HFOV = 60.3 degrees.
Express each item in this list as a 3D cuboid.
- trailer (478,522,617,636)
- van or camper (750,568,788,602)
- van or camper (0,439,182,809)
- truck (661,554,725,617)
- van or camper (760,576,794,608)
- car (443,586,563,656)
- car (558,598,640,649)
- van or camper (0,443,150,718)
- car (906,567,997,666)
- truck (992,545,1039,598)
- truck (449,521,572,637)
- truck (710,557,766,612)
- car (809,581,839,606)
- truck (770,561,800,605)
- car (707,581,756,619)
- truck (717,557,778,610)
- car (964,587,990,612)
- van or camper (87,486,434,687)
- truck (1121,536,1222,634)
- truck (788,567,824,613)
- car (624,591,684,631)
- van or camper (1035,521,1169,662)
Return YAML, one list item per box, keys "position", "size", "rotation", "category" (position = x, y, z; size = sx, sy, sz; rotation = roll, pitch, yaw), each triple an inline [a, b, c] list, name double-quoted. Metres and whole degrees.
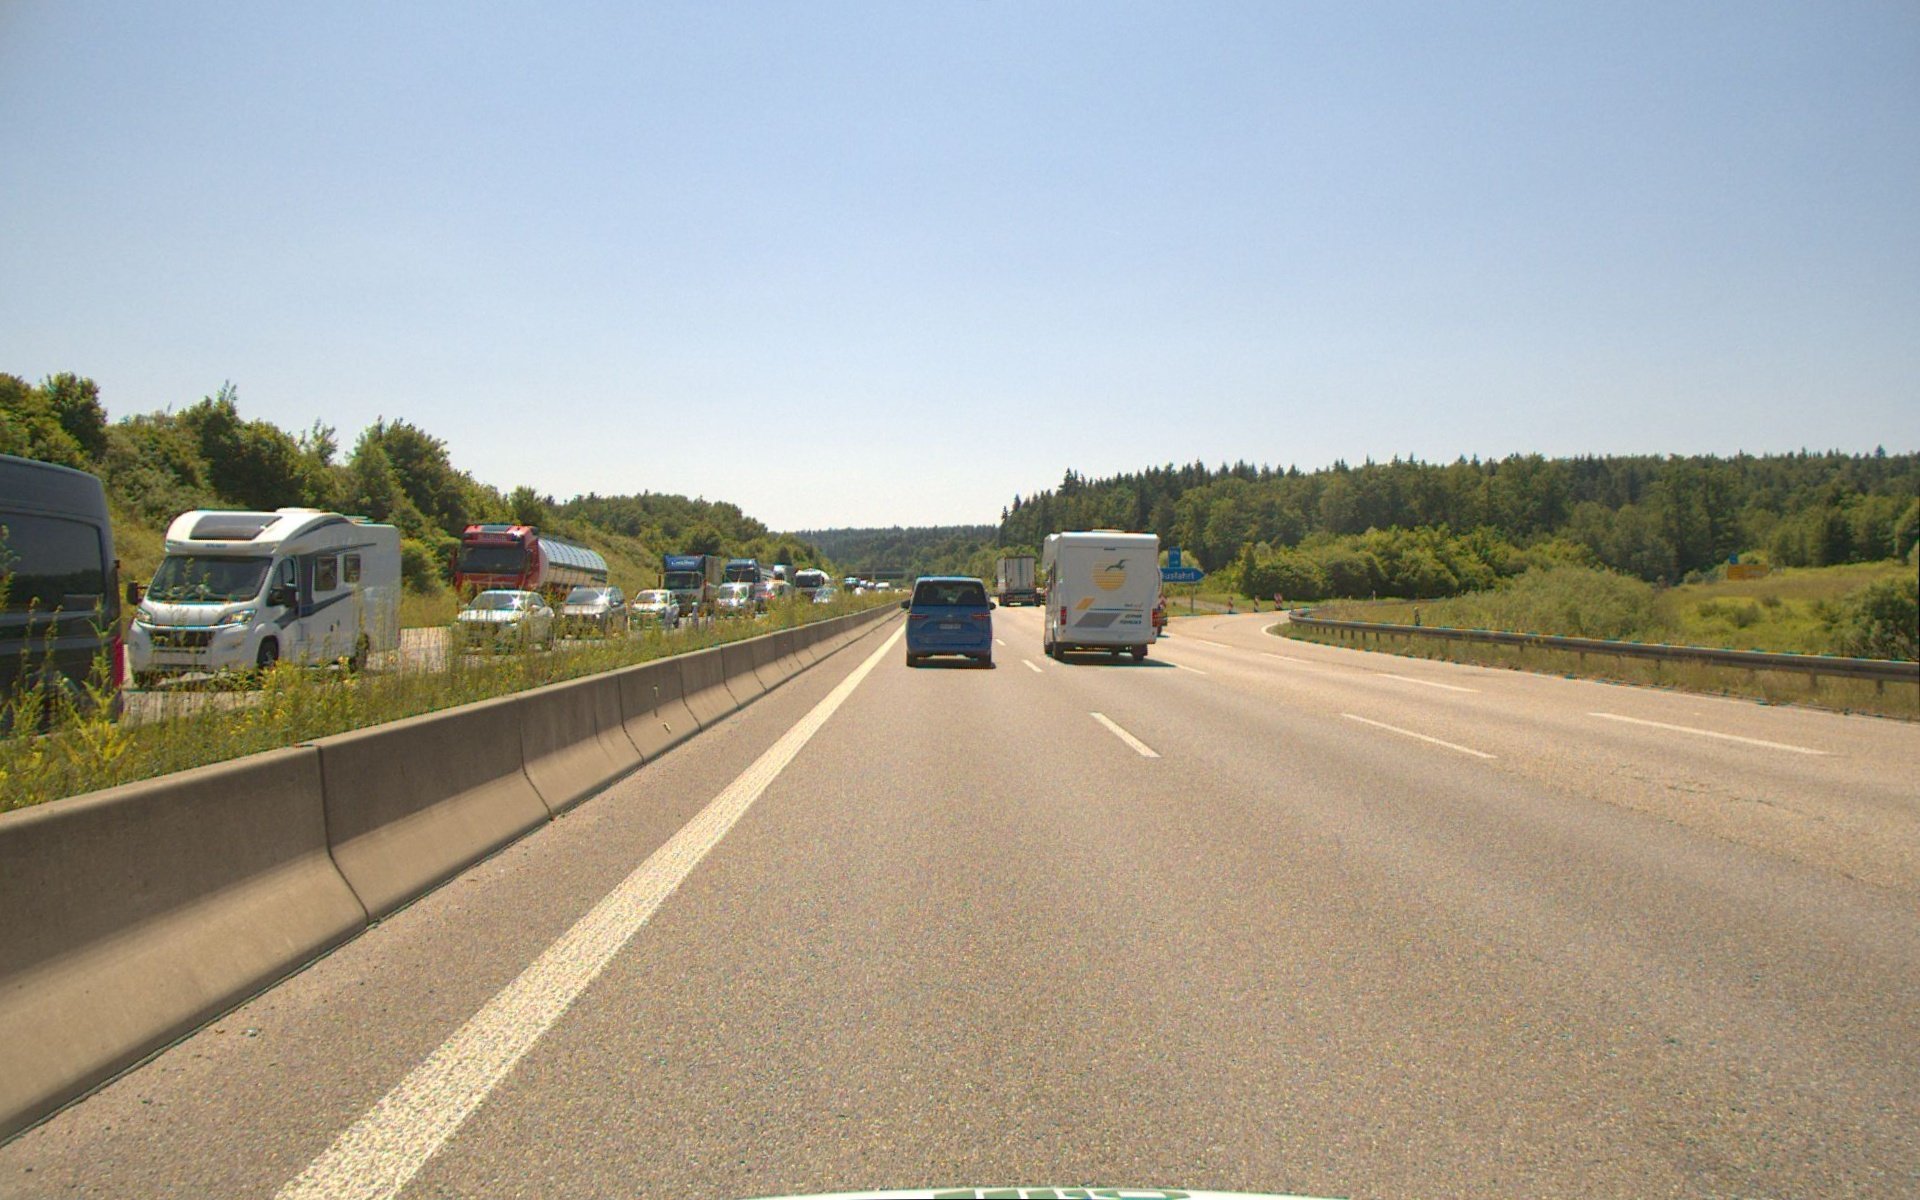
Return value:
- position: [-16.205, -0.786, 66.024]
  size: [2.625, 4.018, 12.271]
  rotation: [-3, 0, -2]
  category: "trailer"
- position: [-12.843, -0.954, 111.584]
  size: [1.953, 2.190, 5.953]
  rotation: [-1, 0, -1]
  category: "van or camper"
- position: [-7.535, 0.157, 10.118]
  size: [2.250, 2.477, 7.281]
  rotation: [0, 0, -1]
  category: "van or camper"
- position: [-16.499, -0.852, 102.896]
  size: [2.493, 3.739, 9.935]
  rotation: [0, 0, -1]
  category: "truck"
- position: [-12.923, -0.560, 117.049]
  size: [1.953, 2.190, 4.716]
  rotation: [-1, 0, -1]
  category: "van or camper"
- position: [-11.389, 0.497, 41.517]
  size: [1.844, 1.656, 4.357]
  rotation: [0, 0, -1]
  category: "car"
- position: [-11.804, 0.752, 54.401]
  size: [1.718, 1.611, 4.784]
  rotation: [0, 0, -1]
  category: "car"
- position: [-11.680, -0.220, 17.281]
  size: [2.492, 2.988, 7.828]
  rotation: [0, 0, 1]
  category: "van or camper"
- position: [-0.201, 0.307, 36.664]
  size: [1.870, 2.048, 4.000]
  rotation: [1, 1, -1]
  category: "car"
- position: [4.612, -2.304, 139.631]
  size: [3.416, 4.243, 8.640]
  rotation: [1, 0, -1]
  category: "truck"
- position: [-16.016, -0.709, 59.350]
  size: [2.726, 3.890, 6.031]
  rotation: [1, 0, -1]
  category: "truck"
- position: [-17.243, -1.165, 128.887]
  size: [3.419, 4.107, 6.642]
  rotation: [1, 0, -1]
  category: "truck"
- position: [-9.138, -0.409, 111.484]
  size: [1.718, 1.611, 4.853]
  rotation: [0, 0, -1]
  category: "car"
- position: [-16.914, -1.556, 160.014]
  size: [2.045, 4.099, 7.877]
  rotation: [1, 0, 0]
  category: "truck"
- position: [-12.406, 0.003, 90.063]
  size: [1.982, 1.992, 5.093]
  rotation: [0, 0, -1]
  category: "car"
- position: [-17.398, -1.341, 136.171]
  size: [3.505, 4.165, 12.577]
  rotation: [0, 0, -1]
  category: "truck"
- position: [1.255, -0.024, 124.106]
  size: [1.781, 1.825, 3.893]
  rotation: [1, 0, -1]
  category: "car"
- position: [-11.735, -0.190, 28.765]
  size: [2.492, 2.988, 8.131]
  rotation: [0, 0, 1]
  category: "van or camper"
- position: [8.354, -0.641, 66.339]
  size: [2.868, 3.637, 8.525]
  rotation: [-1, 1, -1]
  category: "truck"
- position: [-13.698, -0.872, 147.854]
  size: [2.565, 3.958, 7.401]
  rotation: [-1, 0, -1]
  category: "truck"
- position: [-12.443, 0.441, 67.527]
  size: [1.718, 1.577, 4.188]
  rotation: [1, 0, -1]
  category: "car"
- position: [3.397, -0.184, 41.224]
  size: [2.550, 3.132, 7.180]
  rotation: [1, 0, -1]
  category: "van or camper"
======
- WHAT IS EXPECTED:
Copy each line of the data that contains the word "item".

- WORKED SOLUTION:
Express each item in this list as a 3D cuboid.
Return YAML, one list item per box, keys "position", "size", "rotation", "category" (position = x, y, z; size = sx, sy, sz; rotation = roll, pitch, yaw), each triple an inline [a, b, c] list, name double-quoted. Metres and whole degrees.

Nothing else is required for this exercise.